During my college years, I had a similar experience with theatre. I passionately loved every second of every performance, regardless of how much stress was involved, until somewhere around my junior year, when the politics and repetitive pressure of the school came crashing in and I lost my love for it for a while, stepping away entirely for a few months, a victim to burnout. Yet, now, when I recall those first years, I remember them with all of the positivity and excitement that originally existed.

After grad school, I’ve found my faith to have suffered a similar loss. I remember the passion and excitement that filled me when I first owned my faith, first accepted it in full. I can look back over my seminary career and watch it progressively become less passionate as I pursued ministerial vocations for a short time, and more during my theological studies. It occurred to me tonight as I was catching up on some reading that I don’t feel the passion that I once did in my faith, even as recently as a few years ago. There’s so much junk to bog it down, so many politics, so many petty differences and theological mishmash, that I forget the peace that originally pervaded my life, even though it is still there if I stop to listen for it.

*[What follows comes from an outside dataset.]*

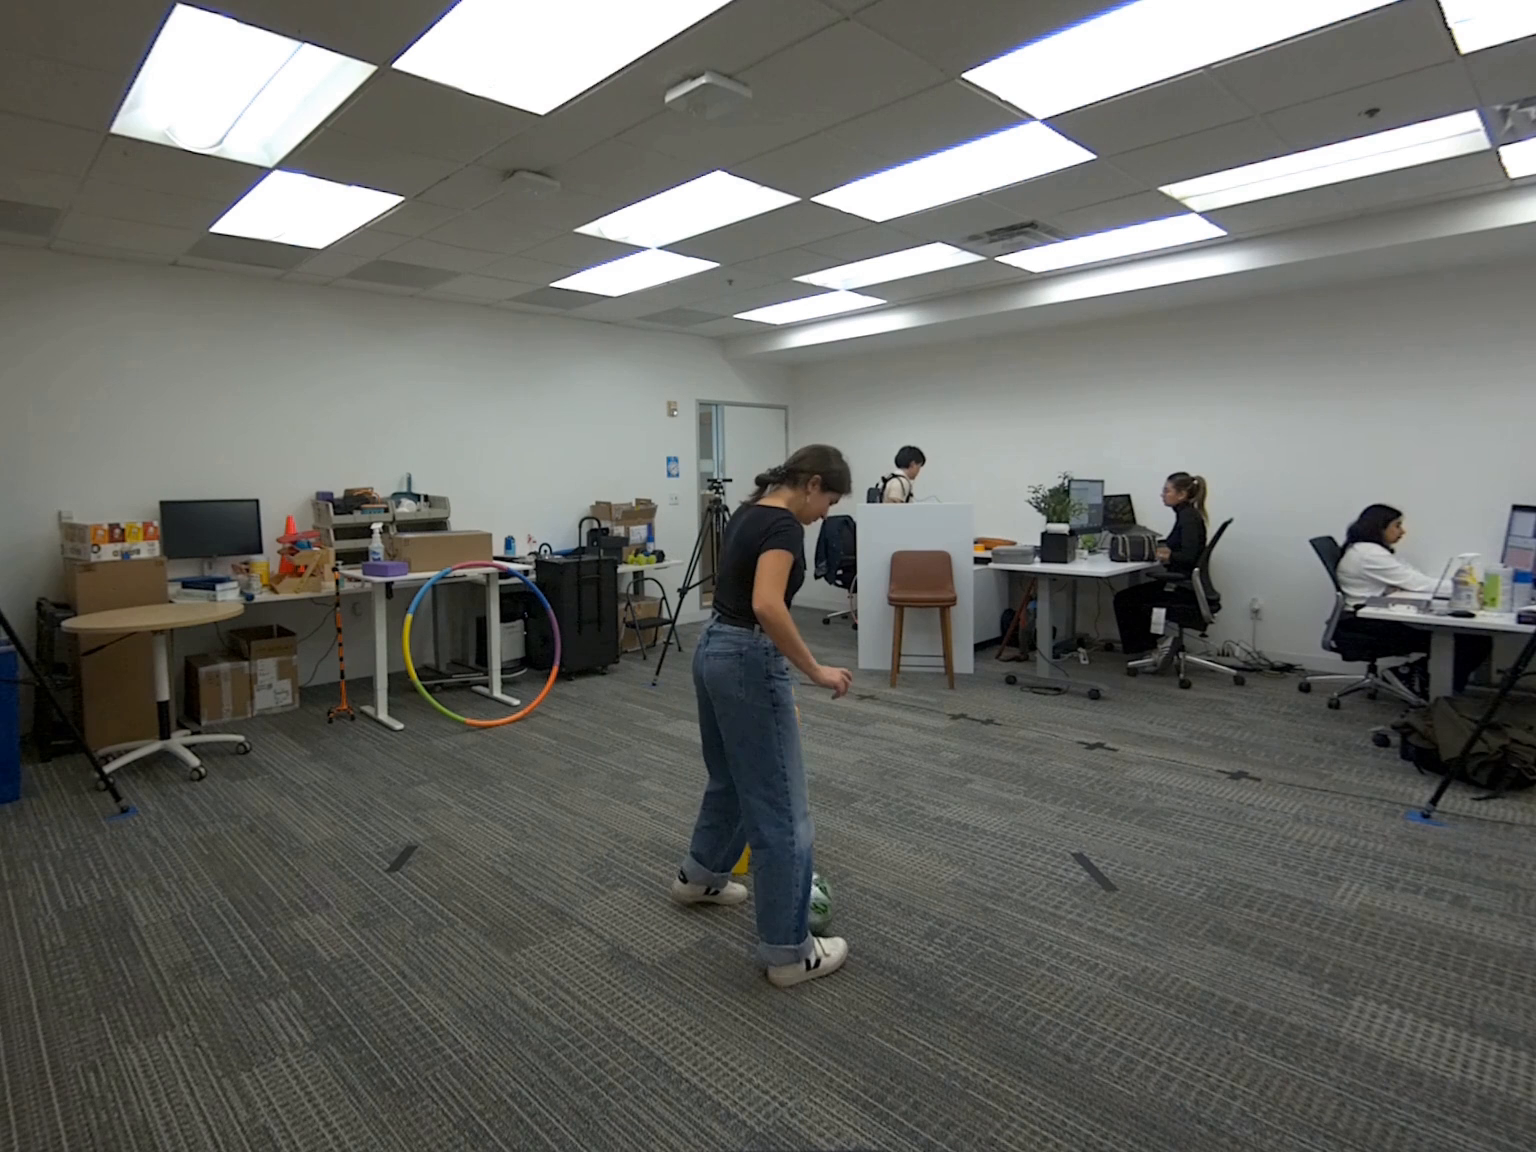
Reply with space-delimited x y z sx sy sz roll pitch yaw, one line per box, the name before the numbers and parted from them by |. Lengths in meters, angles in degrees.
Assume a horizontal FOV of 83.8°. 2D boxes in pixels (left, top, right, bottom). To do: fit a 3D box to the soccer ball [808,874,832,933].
soccer ball | 0.129 1.014 2.630 0.187 0.187 0.188 -1 5 -2

While that first job was a formative experience in my life, it was one of those things that you recognize is just necessary to move on from at some point. I rediscovered my passion for theatre years later, although in retrospect I didn’t really ever stop engaging in it. I do theatre for the same reason I write: I don’t know how to not do either one. My faith is just as intrinsic, and I am certain that the passion will return at some point, likely as I distance myself more from what is unimportant and focus more on what is important (assuming, of course, that I acquire the wisdom to differentiate the two).

I am in hopes that time’s ultimate effect is not to soften the passion that comes with new changes in life, nor to dilute the spark with cynicism as we discover the inevitable negative side to different elements of our life that were filled only with the perception of promise and no difficulty when we first embarked upon them. If time erodes our naivete, however, then I think it is not necessarily a bad thing. At the end of the day, I am in hopes that the effect is like aging on wine, and we emerge from our life endeavors with a better result because of the difficulties experienced in the middle. In short, I am clinging to a positive perspective on the benefits of realism vs. the callousness of pessimism that time tends to breed when we encounter the obstacles inherent in all of our life’s pursuits. I am staying hopeful that the entire rest of the journey won’t be fraught with the need for sheer willpower to replace energetic engagement in our faith, our art, our vocations.

Only time will tell.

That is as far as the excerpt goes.